In Cameroon, I met (and worked with) locals who were at the european standard of formation/knowledge and job skills. I also met (and employed) people who were living for CFA 10k a month per person, even when I paid them above the local minimum wage. I talked to middle class people who were telling me how hard it was to get jobs, and at the same time, I could see basic infrastructures missing, or badly maintained (roads, water, electricity). I had interesting discussion with my fellow colleagues (who I believed quite liked having them) about why houses were not made of stones in mountain countries but in imported cement, or why the city was not employing people to clean sewers (no tax, no money, no job).
I still have problems to understand why, appart the technological side of development, one country doesn't manage to build and maintain structures that could be found in antic India or medieval Mali, like waterways, houses. I feel it is for the lack of legitimate power in these countries (where the gov is often backed by former european colonisator).

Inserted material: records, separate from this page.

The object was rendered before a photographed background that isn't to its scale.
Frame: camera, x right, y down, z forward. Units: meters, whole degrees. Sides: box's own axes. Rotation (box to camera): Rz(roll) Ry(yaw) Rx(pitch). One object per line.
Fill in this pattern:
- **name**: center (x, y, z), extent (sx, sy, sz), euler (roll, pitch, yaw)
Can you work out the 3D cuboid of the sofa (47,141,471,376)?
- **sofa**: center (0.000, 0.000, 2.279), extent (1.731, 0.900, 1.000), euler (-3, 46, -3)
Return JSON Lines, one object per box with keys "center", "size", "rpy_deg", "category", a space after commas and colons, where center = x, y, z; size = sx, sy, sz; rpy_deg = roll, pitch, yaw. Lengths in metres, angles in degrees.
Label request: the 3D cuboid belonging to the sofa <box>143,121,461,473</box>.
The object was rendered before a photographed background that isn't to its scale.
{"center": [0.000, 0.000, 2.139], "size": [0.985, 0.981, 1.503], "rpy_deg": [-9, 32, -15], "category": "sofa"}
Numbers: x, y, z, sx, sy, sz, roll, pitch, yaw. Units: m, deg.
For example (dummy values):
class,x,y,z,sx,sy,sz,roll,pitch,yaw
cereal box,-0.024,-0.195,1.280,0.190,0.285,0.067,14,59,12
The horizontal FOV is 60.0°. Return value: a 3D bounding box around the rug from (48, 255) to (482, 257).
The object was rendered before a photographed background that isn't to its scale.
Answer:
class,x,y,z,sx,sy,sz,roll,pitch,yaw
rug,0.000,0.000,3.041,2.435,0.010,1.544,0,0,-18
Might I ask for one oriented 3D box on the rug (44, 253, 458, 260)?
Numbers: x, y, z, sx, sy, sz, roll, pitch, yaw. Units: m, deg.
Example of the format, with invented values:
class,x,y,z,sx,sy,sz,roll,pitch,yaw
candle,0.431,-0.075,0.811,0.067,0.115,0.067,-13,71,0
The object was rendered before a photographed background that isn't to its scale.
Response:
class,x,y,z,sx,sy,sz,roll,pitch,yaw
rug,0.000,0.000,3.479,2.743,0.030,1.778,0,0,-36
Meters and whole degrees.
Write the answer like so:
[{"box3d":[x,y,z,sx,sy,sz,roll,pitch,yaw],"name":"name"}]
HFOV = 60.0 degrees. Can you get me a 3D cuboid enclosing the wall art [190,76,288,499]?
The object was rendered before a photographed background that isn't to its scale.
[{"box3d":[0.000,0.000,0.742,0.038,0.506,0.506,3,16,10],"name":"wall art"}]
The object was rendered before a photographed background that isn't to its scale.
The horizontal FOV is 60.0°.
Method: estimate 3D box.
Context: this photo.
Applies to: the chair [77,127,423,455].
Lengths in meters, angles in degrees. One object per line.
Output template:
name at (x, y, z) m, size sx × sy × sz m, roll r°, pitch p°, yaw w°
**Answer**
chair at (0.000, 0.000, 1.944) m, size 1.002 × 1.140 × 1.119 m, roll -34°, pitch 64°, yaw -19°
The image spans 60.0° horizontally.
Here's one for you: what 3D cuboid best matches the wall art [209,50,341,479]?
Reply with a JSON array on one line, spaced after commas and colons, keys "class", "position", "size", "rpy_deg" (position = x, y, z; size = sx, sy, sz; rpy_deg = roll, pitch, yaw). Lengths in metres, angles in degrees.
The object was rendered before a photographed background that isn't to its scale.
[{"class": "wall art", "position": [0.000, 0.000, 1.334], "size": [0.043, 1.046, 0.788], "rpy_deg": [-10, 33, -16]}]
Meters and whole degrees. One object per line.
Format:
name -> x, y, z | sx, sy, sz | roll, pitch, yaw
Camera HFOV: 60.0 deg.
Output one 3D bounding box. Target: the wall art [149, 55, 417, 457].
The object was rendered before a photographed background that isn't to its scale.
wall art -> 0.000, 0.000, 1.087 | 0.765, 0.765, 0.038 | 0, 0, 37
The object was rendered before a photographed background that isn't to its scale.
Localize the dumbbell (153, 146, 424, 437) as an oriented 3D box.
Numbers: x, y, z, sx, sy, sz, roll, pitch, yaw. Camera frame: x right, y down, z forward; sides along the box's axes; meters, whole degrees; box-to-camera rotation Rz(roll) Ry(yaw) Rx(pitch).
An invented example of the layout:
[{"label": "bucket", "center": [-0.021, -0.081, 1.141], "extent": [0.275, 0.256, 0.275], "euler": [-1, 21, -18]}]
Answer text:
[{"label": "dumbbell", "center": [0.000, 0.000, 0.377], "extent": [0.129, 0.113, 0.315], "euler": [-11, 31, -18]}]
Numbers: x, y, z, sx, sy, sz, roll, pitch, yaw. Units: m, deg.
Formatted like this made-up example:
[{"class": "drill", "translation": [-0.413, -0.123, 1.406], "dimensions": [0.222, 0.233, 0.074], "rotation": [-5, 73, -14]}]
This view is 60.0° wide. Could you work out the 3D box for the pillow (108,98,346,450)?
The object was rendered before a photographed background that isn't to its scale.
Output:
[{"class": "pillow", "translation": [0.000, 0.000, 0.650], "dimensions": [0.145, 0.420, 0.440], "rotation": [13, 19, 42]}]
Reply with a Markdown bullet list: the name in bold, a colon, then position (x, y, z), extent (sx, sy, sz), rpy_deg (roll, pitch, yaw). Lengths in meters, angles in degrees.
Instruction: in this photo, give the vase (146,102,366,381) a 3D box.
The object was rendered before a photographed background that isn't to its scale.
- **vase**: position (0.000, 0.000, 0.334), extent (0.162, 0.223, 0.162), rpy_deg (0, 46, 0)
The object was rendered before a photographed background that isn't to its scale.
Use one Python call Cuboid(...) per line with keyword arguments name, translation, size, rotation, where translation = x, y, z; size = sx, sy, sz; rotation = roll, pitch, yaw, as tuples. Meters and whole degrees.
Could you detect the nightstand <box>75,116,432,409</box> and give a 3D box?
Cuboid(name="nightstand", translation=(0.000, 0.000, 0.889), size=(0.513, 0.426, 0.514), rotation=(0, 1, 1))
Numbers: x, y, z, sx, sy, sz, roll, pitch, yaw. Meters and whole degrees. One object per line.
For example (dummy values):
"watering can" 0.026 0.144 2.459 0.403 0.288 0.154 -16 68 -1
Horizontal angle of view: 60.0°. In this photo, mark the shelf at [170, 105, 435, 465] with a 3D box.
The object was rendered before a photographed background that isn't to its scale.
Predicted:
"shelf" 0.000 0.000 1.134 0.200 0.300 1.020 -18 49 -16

In Cameroon, there exist a small city/country where, at the beginning of the XXth century, the local king forced a small scale modernization of its country, some ten years before colonization. He tried to get from a rural village to an urban center, with written-royal acts, simple technologies to better the farm output (like corn smasher), and commercial/political domination of the area. It didn't work in the end, because he was overpowered by the europeans (french and germans). I'm convinced that there could be african leaders of that kind today, who would make the "enforced simplicity" a chosen one, or more, but not only a european view of what simple (but happy) man should be on the earth.